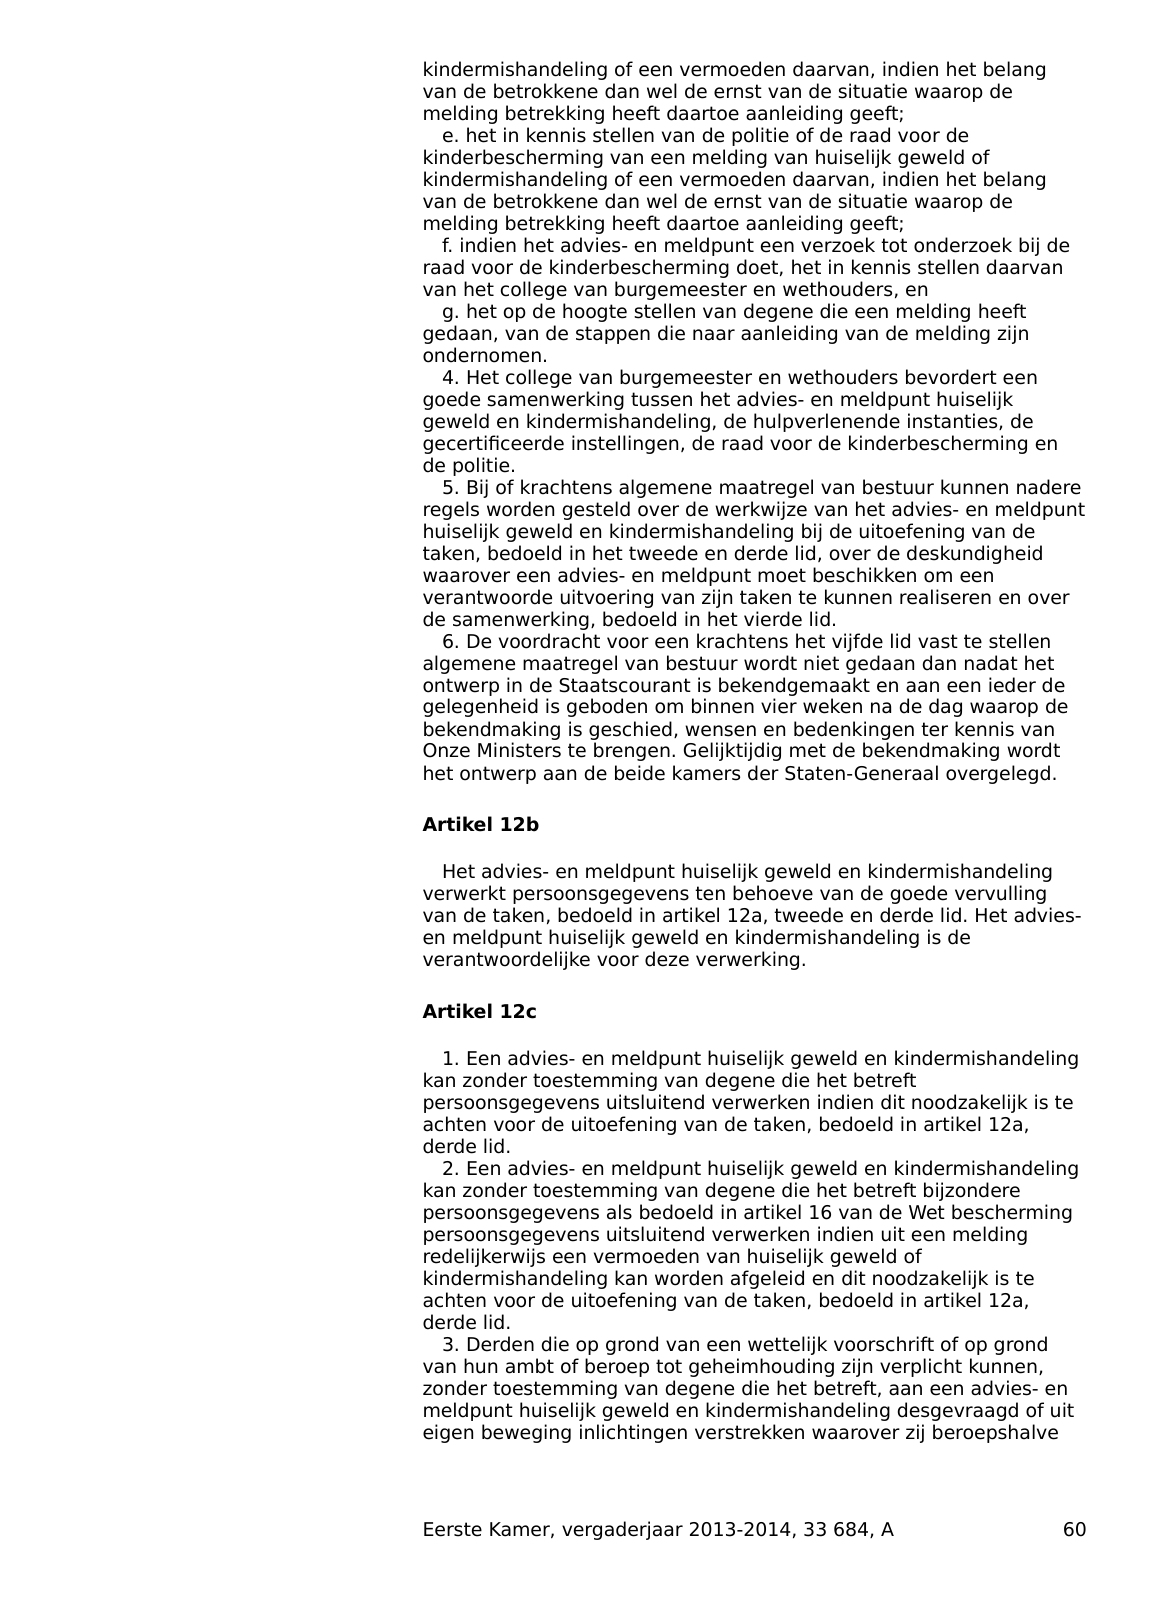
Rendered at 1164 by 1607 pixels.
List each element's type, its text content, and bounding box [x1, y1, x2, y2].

text kindermishandeling of een vermoeden daarvan, indien het belang van de betrokkene dan wel de ernst van de situatie waarop de melding betrekking heeft daartoe aanleiding geeft; [422, 59, 1087, 125]
text 2. Een advies- en meldpunt huiselijk geweld en kindermishandeling kan zonder toestemming van degene die het betreft bijzondere persoonsgegevens als bedoeld in artikel 16 van de Wet bescherming persoonsgegevens uitsluitend verwerken indien uit een melding redelijkerwijs een vermoeden van huiselijk geweld of kindermishandeling kan worden afgeleid en dit noodzakelijk is te achten voor de uitoefening van de taken, bedoeld in artikel 12a, derde lid. [422, 1158, 1087, 1334]
subtitle Artikel 12c [422, 1001, 1087, 1023]
text Het advies- en meldpunt huiselijk geweld en kindermishandeling verwerkt persoonsgegevens ten behoeve van de goede vervulling van de taken, bedoeld in artikel 12a, tweede en derde lid. Het advies- en meldpunt huiselijk geweld en kindermishandeling is de verantwoordelijke voor deze verwerking. [422, 861, 1087, 971]
text 5. Bij of krachtens algemene maatregel van bestuur kunnen nadere regels worden gesteld over de werkwijze van het advies- en meldpunt huiselijk geweld en kindermishandeling bij de uitoefening van de taken, bedoeld in het tweede en derde lid, over de deskundigheid waarover een advies- en meldpunt moet beschikken om een verantwoorde uitvoering van zijn taken te kunnen realiseren en over de samenwerking, bedoeld in het vierde lid. [422, 477, 1087, 631]
text g. het op de hoogte stellen van degene die een melding heeft gedaan, van de stappen die naar aanleiding van de melding zijn ondernomen. [422, 301, 1087, 367]
text 3. Derden die op grond van een wettelijk voorschrift of op grond van hun ambt of beroep tot geheimhouding zijn verplicht kunnen, zonder toestemming van degene die het betreft, aan een advies- en meldpunt huiselijk geweld en kindermishandeling desgevraagd of uit eigen beweging inlichtingen verstrekken waarover zij beroepshalve [422, 1334, 1087, 1444]
subtitle Artikel 12b [422, 814, 1087, 836]
text e. het in kennis stellen van de politie of de raad voor de kinderbescherming van een melding van huiselijk geweld of kindermishandeling of een vermoeden daarvan, indien het belang van de betrokkene dan wel de ernst van de situatie waarop de melding betrekking heeft daartoe aanleiding geeft; [422, 125, 1087, 235]
text 1. Een advies- en meldpunt huiselijk geweld en kindermishandeling kan zonder toestemming van degene die het betreft persoonsgegevens uitsluitend verwerken indien dit noodzakelijk is te achten voor de uitoefening van de taken, bedoeld in artikel 12a, derde lid. [422, 1048, 1087, 1158]
text 6. De voordracht voor een krachtens het vijfde lid vast te stellen algemene maatregel van bestuur wordt niet gedaan dan nadat het ontwerp in de Staatscourant is bekendgemaakt en aan een ieder de gelegenheid is geboden om binnen vier weken na de dag waarop de bekendmaking is geschied, wensen en bedenkingen ter kennis van Onze Ministers te brengen. Gelijktijdig met de bekendmaking wordt het ontwerp aan de beide kamers der Staten-Generaal overgelegd. [422, 631, 1087, 784]
text f. indien het advies- en meldpunt een verzoek tot onderzoek bij de raad voor de kinderbescherming doet, het in kennis stellen daarvan van het college van burgemeester en wethouders, en [422, 235, 1087, 301]
text 4. Het college van burgemeester en wethouders bevordert een goede samenwerking tussen het advies- en meldpunt huiselijk geweld en kindermishandeling, de hulpverlenende instanties, de gecertificeerde instellingen, de raad voor de kinderbescherming en de politie. [422, 367, 1087, 477]

_Task brief_. All lines that include the word "uitsluitend" must be copied from the material above.

_Response below_.
text 2. Een advies- en meldpunt huiselijk geweld en kindermishandeling kan zonder toestemming van degene die het betreft bijzondere persoonsgegevens als bedoeld in artikel 16 van de Wet bescherming persoonsgegevens uitsluitend verwerken indien uit een melding redelijkerwijs een vermoeden van huiselijk geweld of kindermishandeling kan worden afgeleid en dit noodzakelijk is te achten voor de uitoefening van de taken, bedoeld in artikel 12a, derde lid. [422, 1158, 1087, 1334]
text 1. Een advies- en meldpunt huiselijk geweld en kindermishandeling kan zonder toestemming van degene die het betreft persoonsgegevens uitsluitend verwerken indien dit noodzakelijk is te achten voor de uitoefening van de taken, bedoeld in artikel 12a, derde lid. [422, 1048, 1087, 1158]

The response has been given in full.